Segment Start: Available records

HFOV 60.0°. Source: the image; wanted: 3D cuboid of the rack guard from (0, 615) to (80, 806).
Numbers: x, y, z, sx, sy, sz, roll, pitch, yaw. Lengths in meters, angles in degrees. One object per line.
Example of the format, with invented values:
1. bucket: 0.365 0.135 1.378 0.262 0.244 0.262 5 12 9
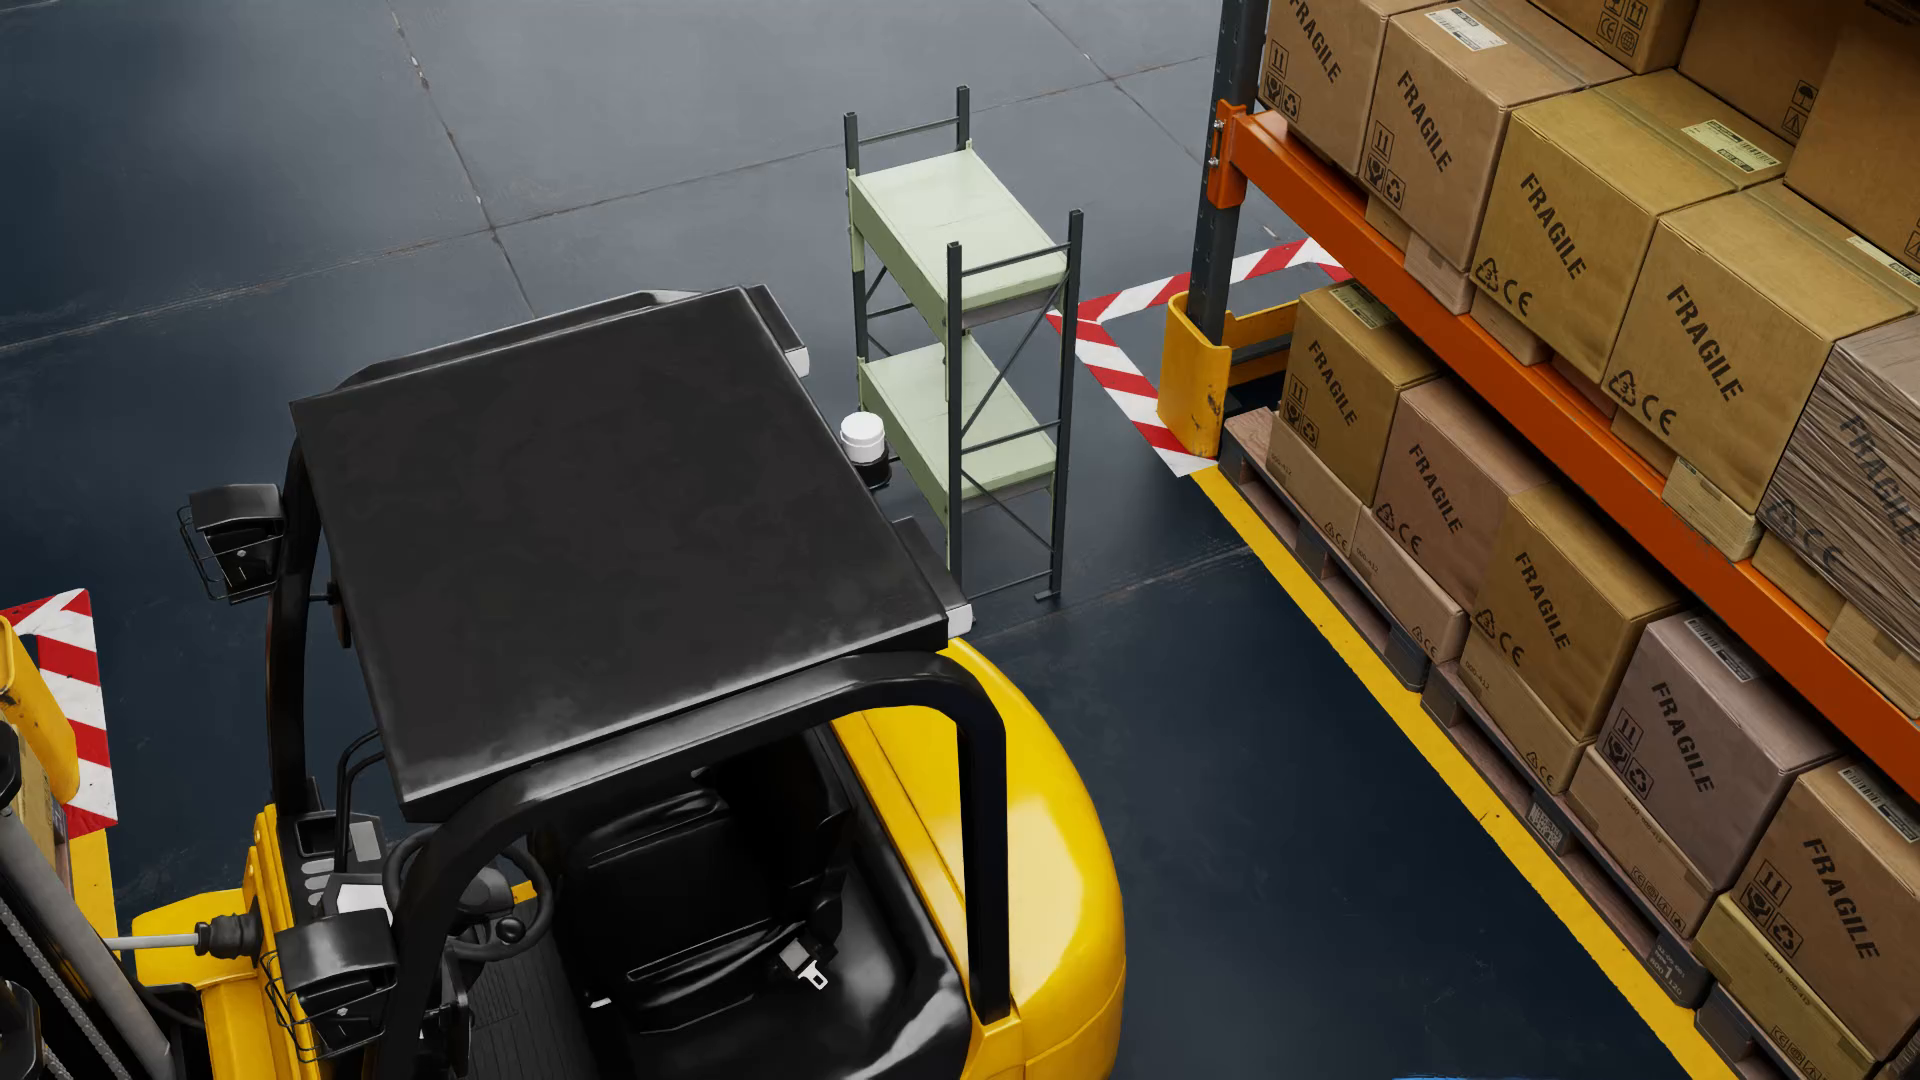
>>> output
1. rack guard: -3.225 0.661 4.724 1.175 0.500 0.348 -18 47 -17

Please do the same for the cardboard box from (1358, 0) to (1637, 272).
1. cardboard box: 1.455 -1.110 4.457 0.500 0.500 0.500 -17 47 -16

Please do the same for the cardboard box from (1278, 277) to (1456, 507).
1. cardboard box: 1.385 -0.509 5.255 0.500 0.500 0.500 -20 48 -19

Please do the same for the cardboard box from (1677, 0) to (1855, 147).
1. cardboard box: 2.213 -1.299 3.936 0.700 0.500 0.500 -19 48 -18

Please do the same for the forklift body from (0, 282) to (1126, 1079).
1. forklift body: -0.763 0.758 3.450 2.313 2.155 1.214 -18 47 -17

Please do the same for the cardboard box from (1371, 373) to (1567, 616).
1. cardboard box: 1.609 -0.177 4.918 0.500 0.500 0.500 -20 48 -19

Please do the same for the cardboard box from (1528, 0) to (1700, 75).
1. cardboard box: 1.906 -1.593 4.234 0.700 0.500 0.500 -18 47 -17

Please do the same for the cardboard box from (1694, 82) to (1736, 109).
1. cardboard box: 2.178 -0.918 4.262 0.500 0.500 0.500 -18 47 -18

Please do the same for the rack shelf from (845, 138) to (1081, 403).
1. rack shelf: -0.003 -0.816 4.953 0.431 0.370 0.720 -18 47 -17

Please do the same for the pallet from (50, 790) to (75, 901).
1. pallet: -2.856 1.254 4.329 1.003 0.211 1.213 -18 47 -17

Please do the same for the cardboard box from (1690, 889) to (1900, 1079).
1. cardboard box: 2.243 1.063 4.196 0.500 0.250 0.500 -19 48 -18

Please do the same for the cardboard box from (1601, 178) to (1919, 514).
1. cardboard box: 1.891 -0.464 3.802 0.500 0.500 0.500 -19 48 -18

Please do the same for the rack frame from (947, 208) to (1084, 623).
1. rack frame: 0.151 -0.305 4.991 0.400 1.500 0.023 -18 47 -17

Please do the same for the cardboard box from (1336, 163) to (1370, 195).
1. cardboard box: 1.361 -1.158 4.967 0.380 0.149 0.250 -17 47 -17

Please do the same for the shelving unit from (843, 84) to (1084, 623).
1. shelving unit: -0.003 -0.538 5.228 0.431 1.500 0.755 -18 47 -17

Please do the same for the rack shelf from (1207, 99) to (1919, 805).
1. rack shelf: 2.128 -0.151 4.280 1.077 0.370 4.000 -18 47 -17

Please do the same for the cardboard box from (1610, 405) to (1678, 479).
1. cardboard box: 1.853 -0.307 4.105 0.380 0.149 0.250 -19 48 -18

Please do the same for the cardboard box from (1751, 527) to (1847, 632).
1. cardboard box: 2.046 0.023 3.769 0.380 0.149 0.250 -19 48 -18

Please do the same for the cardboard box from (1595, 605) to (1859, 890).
1. cardboard box: 2.045 0.483 4.249 0.500 0.500 0.500 -16 47 -15

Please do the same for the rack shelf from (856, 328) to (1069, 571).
1. rack shelf: -0.003 -0.306 5.457 0.431 0.370 0.720 -18 47 -17

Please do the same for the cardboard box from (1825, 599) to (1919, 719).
1. cardboard box: 2.127 0.195 3.595 0.380 0.149 0.250 -19 48 -18

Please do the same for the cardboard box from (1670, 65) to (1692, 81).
1. cardboard box: 1.971 -1.238 4.586 0.500 0.500 0.500 -18 47 -17

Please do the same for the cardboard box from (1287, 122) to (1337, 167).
1. cardboard box: 1.242 -1.315 5.126 0.380 0.149 0.250 -18 47 -17

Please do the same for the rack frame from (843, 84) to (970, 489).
1. rack frame: -0.157 -0.771 5.464 0.400 1.500 0.023 -18 47 -17

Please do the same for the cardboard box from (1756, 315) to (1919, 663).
1. cardboard box: 2.111 -0.139 3.473 0.500 0.500 0.500 -17 47 -16

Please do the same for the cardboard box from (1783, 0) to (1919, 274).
1. cardboard box: 2.297 -0.940 3.572 0.700 0.500 0.500 -18 47 -18

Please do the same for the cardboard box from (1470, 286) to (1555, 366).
1. cardboard box: 1.603 -0.635 4.437 0.380 0.149 0.250 -17 47 -16

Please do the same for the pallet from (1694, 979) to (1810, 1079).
1. pallet: 2.654 1.442 4.138 1.003 0.211 1.213 -18 47 -17

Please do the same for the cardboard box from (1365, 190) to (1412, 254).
1. cardboard box: 1.399 -0.965 4.771 0.380 0.149 0.250 -19 48 -19

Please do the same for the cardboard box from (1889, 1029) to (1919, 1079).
1. cardboard box: 2.476 1.132 3.592 0.500 0.500 0.500 -19 48 -18

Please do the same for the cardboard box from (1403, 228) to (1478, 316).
1. cardboard box: 1.464 -0.790 4.594 0.380 0.149 0.250 -17 47 -17

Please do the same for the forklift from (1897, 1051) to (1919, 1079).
1. forklift: 2.129 1.279 2.366 3.031 2.935 1.130 4 45 4

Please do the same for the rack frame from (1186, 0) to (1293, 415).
1. rack frame: 1.287 -1.682 5.319 1.000 3.000 0.127 -18 47 -17

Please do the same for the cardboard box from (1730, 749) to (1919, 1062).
1. cardboard box: 2.261 0.808 3.920 0.500 0.500 0.500 -17 47 -17

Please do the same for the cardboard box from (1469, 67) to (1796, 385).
1. cardboard box: 1.670 -0.786 4.128 0.500 0.500 0.500 -19 48 -18

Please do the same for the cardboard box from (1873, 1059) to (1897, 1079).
1. cardboard box: 2.476 1.399 3.855 0.500 0.250 0.500 -16 47 -16

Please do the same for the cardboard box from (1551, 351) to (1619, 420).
1. cardboard box: 1.769 -0.484 4.284 0.380 0.149 0.250 -17 47 -16

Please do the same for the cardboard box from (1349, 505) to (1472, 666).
1. cardboard box: 1.583 0.071 5.201 0.500 0.250 0.500 -16 47 -16

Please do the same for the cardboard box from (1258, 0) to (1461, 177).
1. cardboard box: 1.234 -1.440 4.790 0.500 0.500 0.500 -19 48 -18

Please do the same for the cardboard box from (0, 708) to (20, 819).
1. cardboard box: -2.727 0.656 4.253 0.500 0.250 0.500 -19 48 -18

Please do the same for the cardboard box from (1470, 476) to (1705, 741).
1. cardboard box: 1.813 0.145 4.592 0.500 0.500 0.500 -17 47 -17

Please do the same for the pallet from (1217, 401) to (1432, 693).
1. pallet: 1.628 -0.113 5.714 1.003 0.211 1.213 -18 47 -17

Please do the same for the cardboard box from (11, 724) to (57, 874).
1. cardboard box: -2.731 0.822 4.440 0.500 0.250 0.500 -18 47 -17

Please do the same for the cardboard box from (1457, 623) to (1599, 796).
1. cardboard box: 1.824 0.415 4.853 0.500 0.250 0.500 -15 47 -15

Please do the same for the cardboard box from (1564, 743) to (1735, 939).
1. cardboard box: 2.034 0.737 4.526 0.500 0.250 0.500 -17 47 -17

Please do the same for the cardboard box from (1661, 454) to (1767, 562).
1. cardboard box: 1.905 -0.130 3.925 0.380 0.149 0.250 -18 47 -17

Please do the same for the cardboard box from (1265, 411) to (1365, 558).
1. cardboard box: 1.375 -0.257 5.533 0.500 0.250 0.500 -18 48 -18

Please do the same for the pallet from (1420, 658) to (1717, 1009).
1. pallet: 2.137 0.664 4.927 1.003 0.211 1.213 -18 47 -17

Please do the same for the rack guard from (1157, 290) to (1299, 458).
1. rack guard: 1.319 -0.744 6.148 1.175 0.500 0.348 -18 47 -17

Segment End: Available records

**Exercise goal:** Starting at the line that contains "Please do the same for the rack guard", retype every line through the end of the records exactly, and nothing else.

**Output below:**
Please do the same for the rack guard from (1157, 290) to (1299, 458).
1. rack guard: 1.319 -0.744 6.148 1.175 0.500 0.348 -18 47 -17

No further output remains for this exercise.